I was getting ready to feed dogs so it was hard to get her to hold still. When she is looking sexy again I will take some stacked pictures.








She gave her self a bloody lip from jumping around her kennel run. silly dog


----------



## meganc66 (Mar 6, 2009)

LOL @ lisa's version of a fat dog 



PS: she's hot.


----------



## Indigo Bully Connection (Dec 21, 2006)

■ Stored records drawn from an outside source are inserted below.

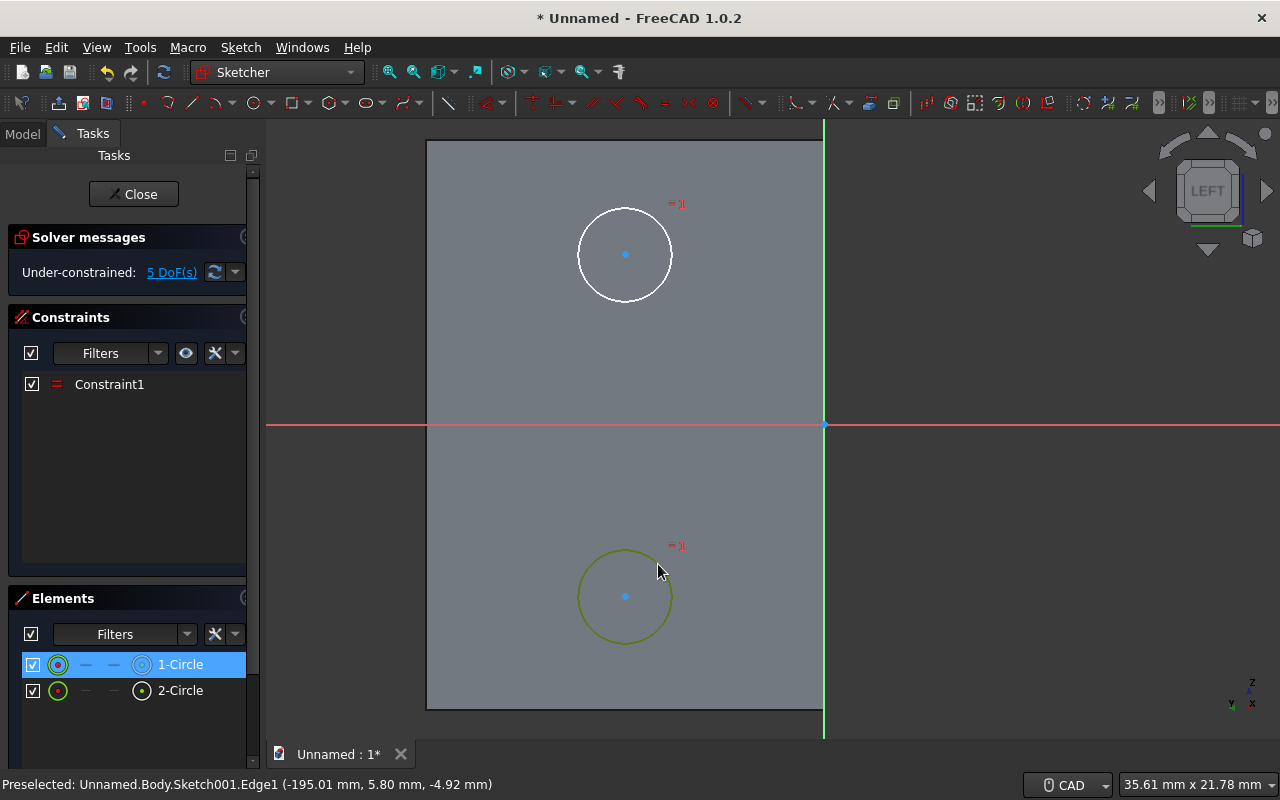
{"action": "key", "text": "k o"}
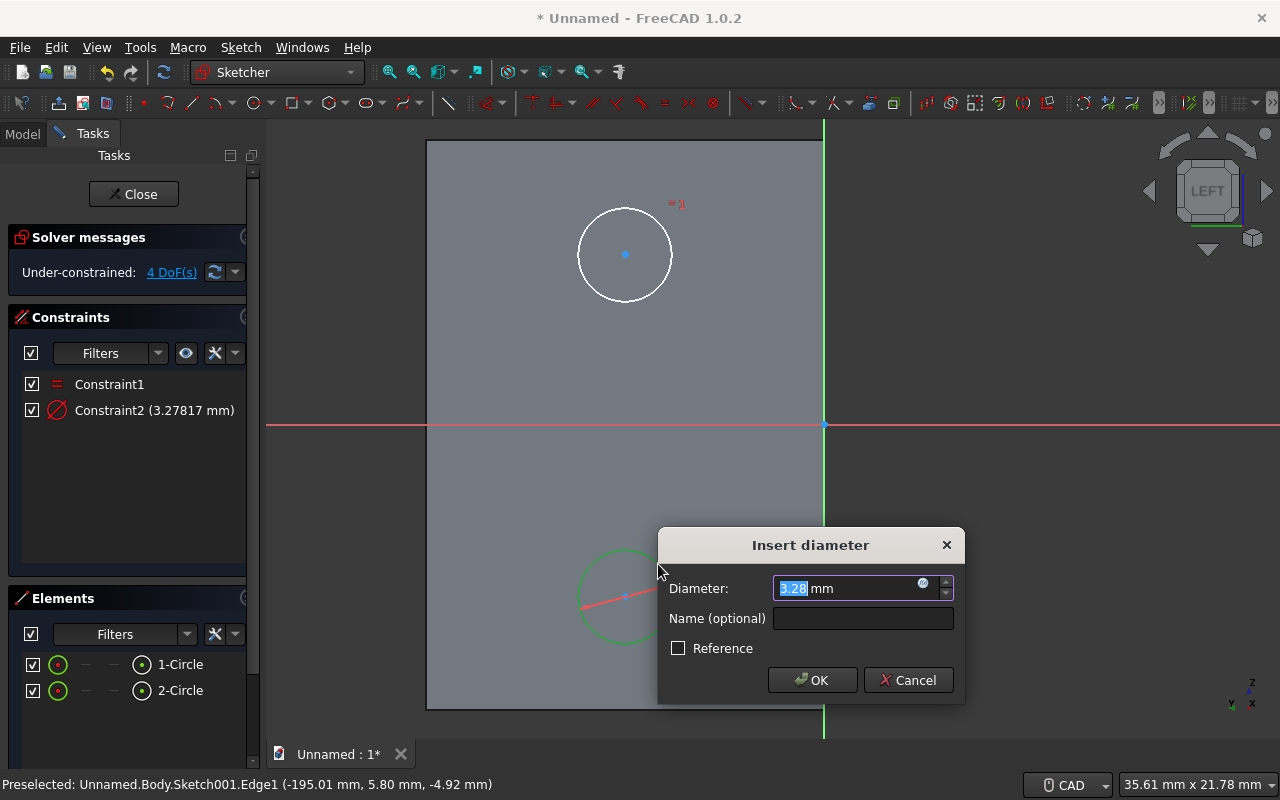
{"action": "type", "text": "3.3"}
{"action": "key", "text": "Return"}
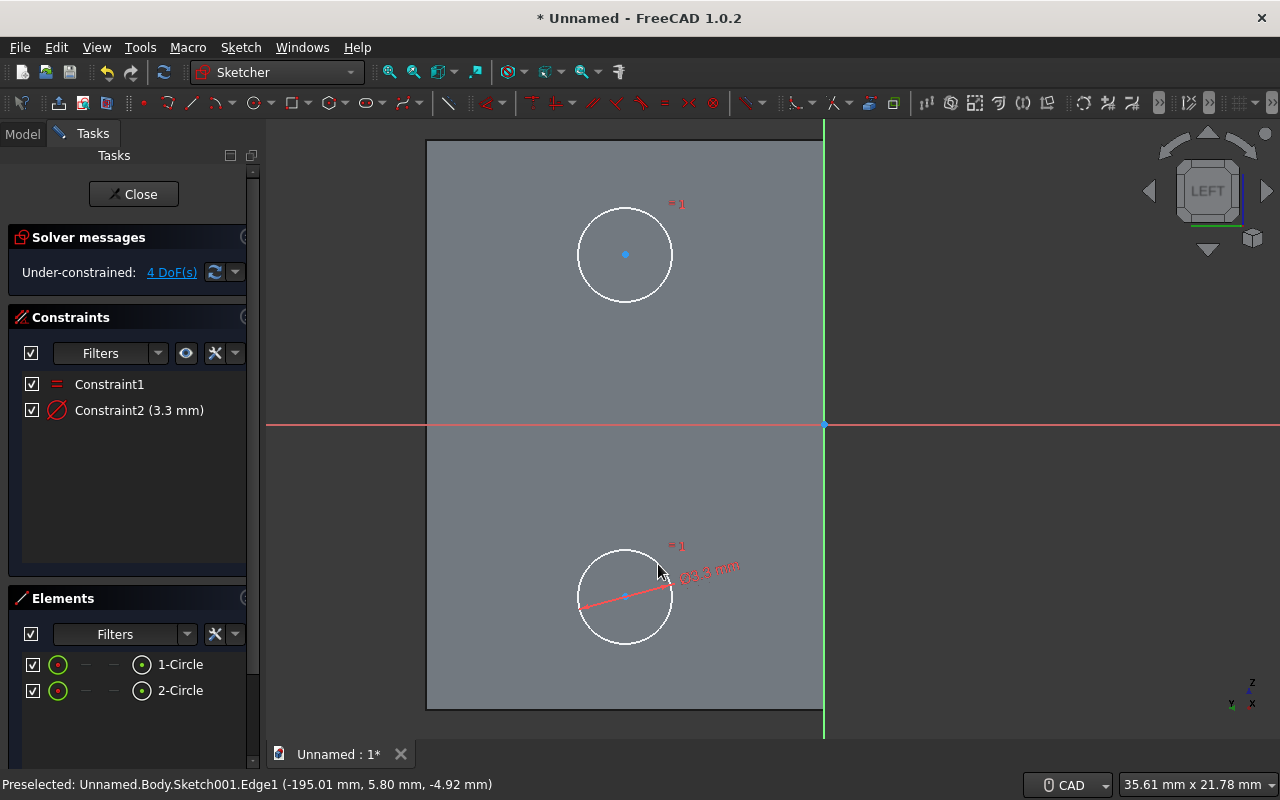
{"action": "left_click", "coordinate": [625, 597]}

She's looking so much better Lisa. Does Candice really know how upset you were with it all or did you just let it go because you knew you were getting the girl back?


----------



## t1dirty (May 21, 2009)

what you call fat i call a nice size........but she is looking better


----------



## StaffyDaddy (Mar 28, 2009)

lookin good typhoon!


----------



## DueceAddicTed (Sep 28, 2009)

meganc66 said:


> LOL @ lisa's version of a fat dog
> 
> Lolll ....... I agree , you should have seen my face I kinda twisted my head and if I had dog ears they'd went up like I heard a squeekie ...... looking for a fat dog ...... she looks good shooo ..... wheres the fat lolll


----------



## Black Rabbit (Nov 14, 2009)

Looking good you really turned her around.


----------



## performanceknls (Apr 4, 2009)

Ha well she is fat compared to how she looked when I got her back. Shana I didn't say anything yet because she has had a hard time with her family and we still talk. One day I will tell her how it is


----------



## meganc66 (Mar 6, 2009)

you tell her, girlllllllllllllllllllllllllllllllllll


----------



## CallieBum73 (Aug 29, 2009)

She is beautiful! I love the happy tail in the last pics!


----------



## Pittielove29 (Dec 21, 2009)

I think she looks great. Wouldn't change a thing.


----------



## jcd (Nov 17, 2009)

Gosh she is geogeous! I wouldn't change a thing!!!!


----------



## PatienceFlame (Dec 22, 2009)

wow, compaired to how she looked in the other thread she looks sooo much better. she makes Riley jealous. haha.


----------



## Czar (Nov 11, 2009)

now hes looks good woohoooo


----------



## thaim (Feb 6, 2009)

meganc66 said:


> LOL @ lisa's version of a fat dog
> 
> PS: she's hot.


haha:roll::roll: i guess deagle is overwieght then... lol


----------



## tzbart (Oct 23, 2009)

So much better!


----------



## Laughter777 (Dec 18, 2009)

She is looking amazing!!! Jesse says, "woo woo hot mama"


----------



## Harley D (Mar 27, 2009)

Typhoon looks alot better and happier lol


----------